Gathering Ingredients for Potato and Bean Soup
Alright, let’s talk about what you’ll need to make this amazing Potato and Bean Soup! It’s really just a collection of simple, wholesome ingredients that come together beautifully. For the best results, try to use good quality stuff – it really does make a difference in the final taste. Don’t worry if you can’t find an exact match for something; this soup is pretty forgiving!
Essential Produce
We’re starting with some classic soup veggies! You’ll need one large onion, chopped up nice and fine. Then, grab two medium carrots and peel them, dicing them into little 1/4-inch pieces. These guys add sweetness and color!
Broth and Legumes
For the liquid base, we’re using six cups of low-sodium vegetable broth. Then, for the heartiness, you’ll need one pound of potatoes, peeled and cut into about 1/2-inch cubes – Yukon Golds are my favorite for this! And don’t forget two cans of beans, one cannellini and one kidney, both rinsed and drained really well.
Seasonings for Flavor
To bring it all together, we just need a teaspoon of dried thyme. And of course, you’ll need salt and freshly ground black pepper to taste at the end. Simple, right?
Step-by-Step Guide to Making Potato and Bean Soup
Making this hearty soup is honestly a breeze! You’ll be amazed at how quickly those simple ingredients transform into a delicious meal. Just follow these easy steps, and you’ll have a pot of pure comfort food ready in no time. It’s so straightforward, even beginner cooks can nail it!
Building the Flavor Base
First things first, grab a nice big pot or a Dutch oven. Drizzle in that tablespoon of olive oil and let it get warm over medium heat. Toss in your chopped onion, carrots, and celery. Let them sauté for about 5 to 7 minutes, stirring now and then, until they’re nice and soft. This is where all the good flavor starts!
Bringing the Soup Together
Now, add your minced garlic and cook for just another minute until it smells amazing – don’t let it burn! Go ahead and pour in all six cups of that vegetable broth. Then, add your cubed potatoes, both the cannellini and kidney beans (make sure they’re rinsed and drained!), and sprinkle in that teaspoon of dried thyme. Give it all a good stir to make sure everything is nicely combined.

Achieving Tender Potatoes
Bring the whole pot to a rolling boil, then immediately turn the heat down to low. You want it to just gently simmer away. Cover the pot and let it cook for about 20 to 25 minutes. This is the magic time when the potatoes get perfectly tender. If you want an even creamier soup, you can gently mash a few of the potatoes against the side of the pot with your spoon – it adds a lovely thickness!
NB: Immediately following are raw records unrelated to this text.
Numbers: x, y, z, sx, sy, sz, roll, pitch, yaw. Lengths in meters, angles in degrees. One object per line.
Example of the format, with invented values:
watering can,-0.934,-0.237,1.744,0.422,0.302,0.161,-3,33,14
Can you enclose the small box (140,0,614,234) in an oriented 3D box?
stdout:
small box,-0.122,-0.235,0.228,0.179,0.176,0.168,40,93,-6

Final Seasoning and Serving
Once those potatoes are fork-tender, give the soup a taste. This is your chance to add salt and freshly ground black pepper until it’s just right for you. Ladle it into bowls, and if you’re feeling fancy, a sprinkle of fresh parsley on top looks and tastes amazing!
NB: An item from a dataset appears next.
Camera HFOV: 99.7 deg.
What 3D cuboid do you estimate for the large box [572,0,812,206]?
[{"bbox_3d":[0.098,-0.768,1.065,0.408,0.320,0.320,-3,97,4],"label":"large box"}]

Tips for the Best Potato and Bean Soup
You know, even with a simple recipe like this Potato and Bean Soup, a few little tricks can really elevate it from good to absolutely fantastic. I’ve learned over the years that paying attention to a couple of details makes all the difference. Don’t worry if things aren’t perfect the first time; cooking is all about learning and tasting as you go!
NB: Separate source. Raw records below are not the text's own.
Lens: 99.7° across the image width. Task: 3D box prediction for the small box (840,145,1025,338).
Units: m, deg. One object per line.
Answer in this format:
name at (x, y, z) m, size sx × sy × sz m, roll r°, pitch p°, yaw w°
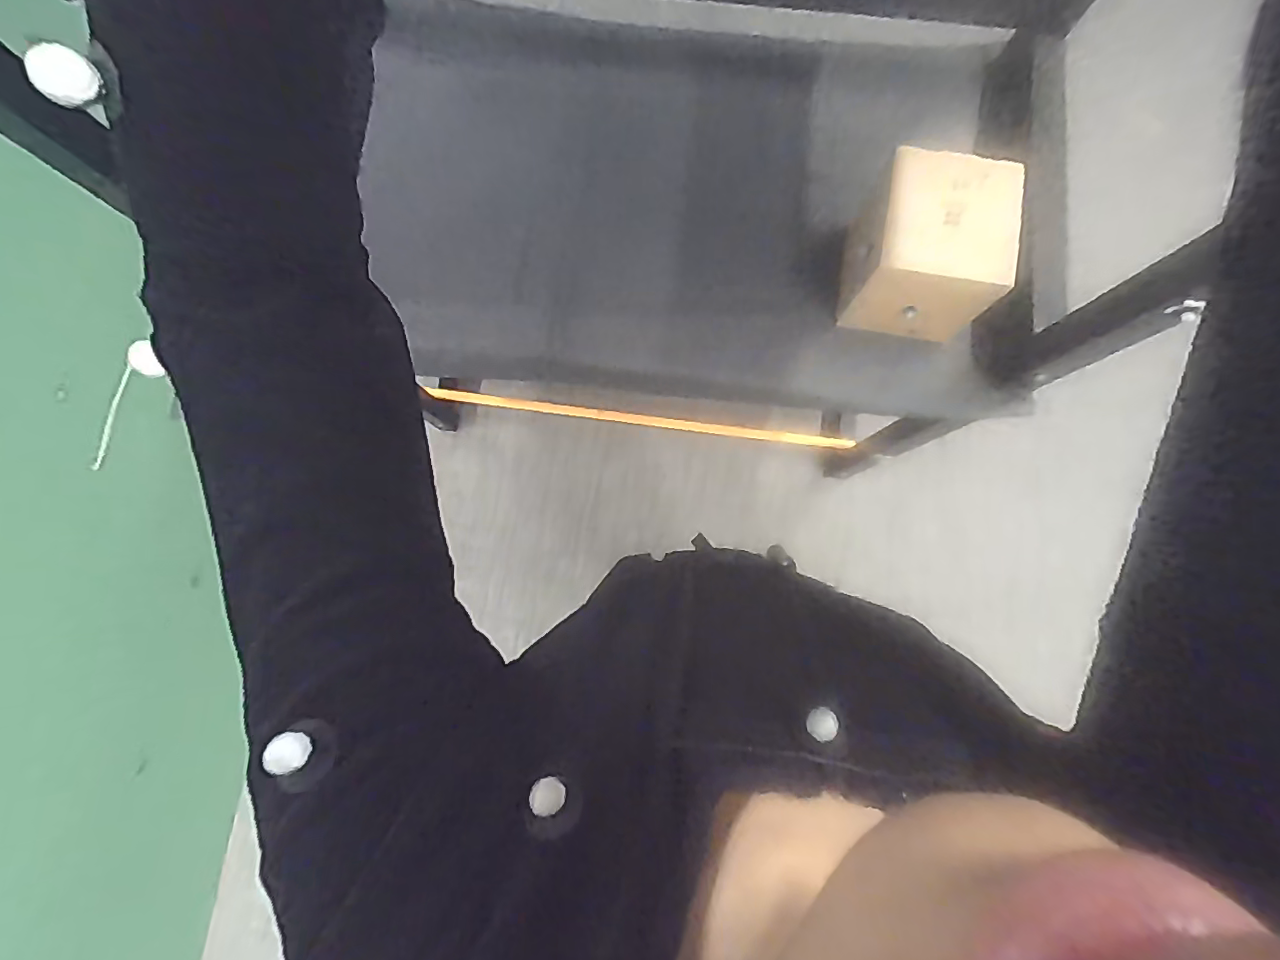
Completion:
small box at (0.394, -0.320, 0.757) m, size 0.168 × 0.176 × 0.179 m, roll 11°, pitch 81°, yaw 2°
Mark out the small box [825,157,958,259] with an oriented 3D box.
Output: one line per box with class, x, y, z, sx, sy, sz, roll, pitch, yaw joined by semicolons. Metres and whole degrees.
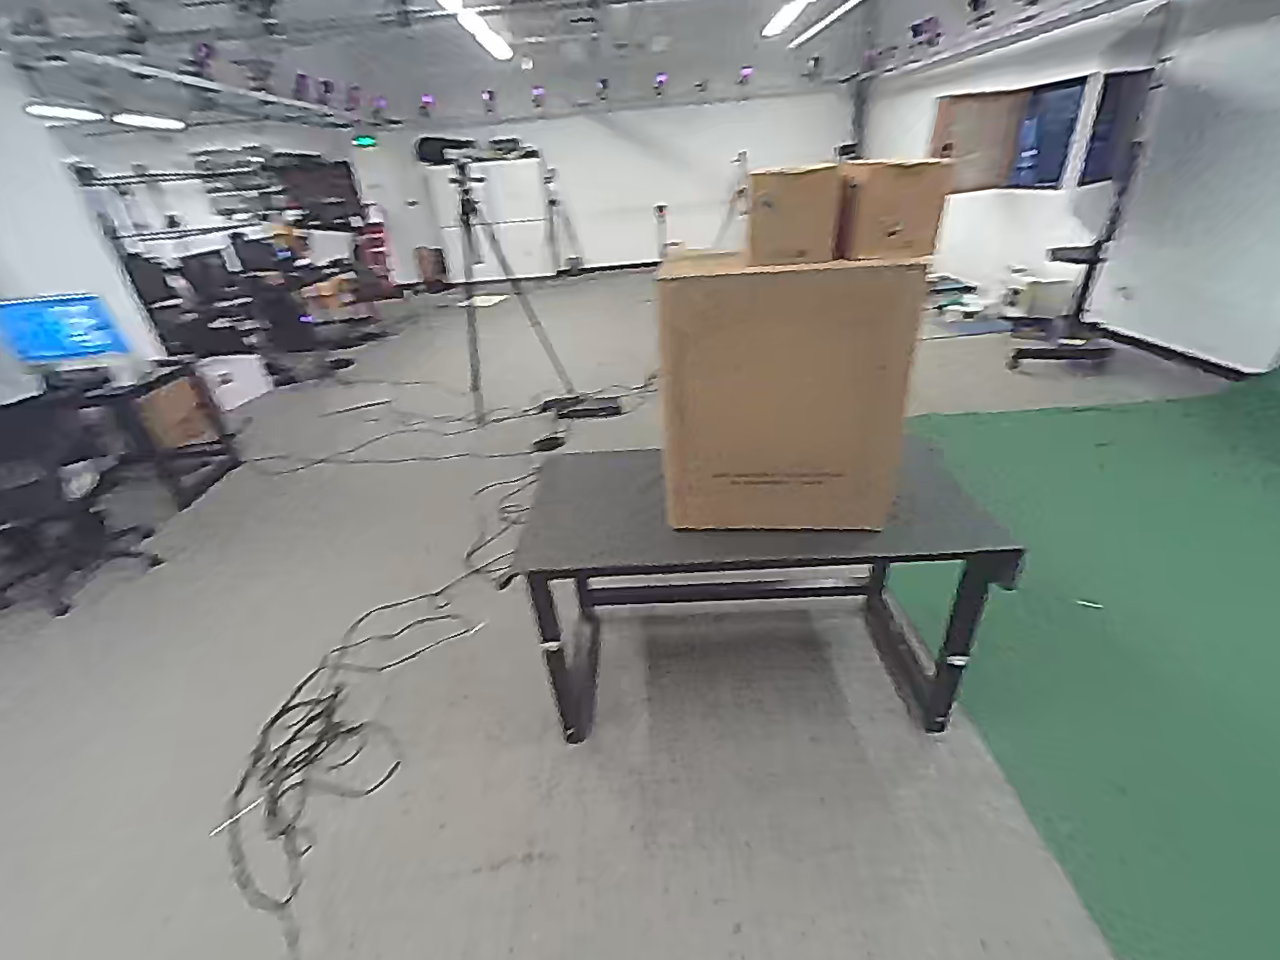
small box;0.489;-0.548;1.084;0.168;0.176;0.179;-3;33;-3

Ingredient Quality Matters
Seriously, use the best ingredients you can find! Fresh veggies make such a difference in flavor. And for the broth, a good quality low-sodium one means you control the saltiness better. It’s the little things that really make this easy soup shine!
Achieving the Right Consistency
If you like your soup a bit thicker, I have a super easy trick for you! Once the potatoes are tender, just take your spoon and gently mash a few of them against the side of the pot. It releases their starch and makes the soup wonderfully creamy without needing any dairy. It’s my favorite way to get that perfect texture!
Frequently Asked Questions About Potato and Bean Soup
Got questions about making this delicious soup? I’ve got you covered! Here are some common things people ask, and my best advice for them.
Can I use dried beans instead of canned for this Potato and Bean Soup?
Absolutely! If you prefer dried beans, just soak about 1.5 cups of dried beans overnight, then cook them until tender before adding them to the soup in step 3. It’s a little more effort, but totally worth it!
How can I make this soup vegan?
Good news, this recipe is already pretty vegan-friendly! Just make sure you’re using a vegetable broth that’s certified vegan. Everything else is plant-based, so you’re good to go!
Can I freeze leftovers of this Potato and Bean Soup?
Yes, you totally can! Let the soup cool completely, then ladle it into freezer-safe containers or bags. It should keep well in the freezer for about 2-3 months. Just thaw it in the fridge overnight and reheat gently on the stove.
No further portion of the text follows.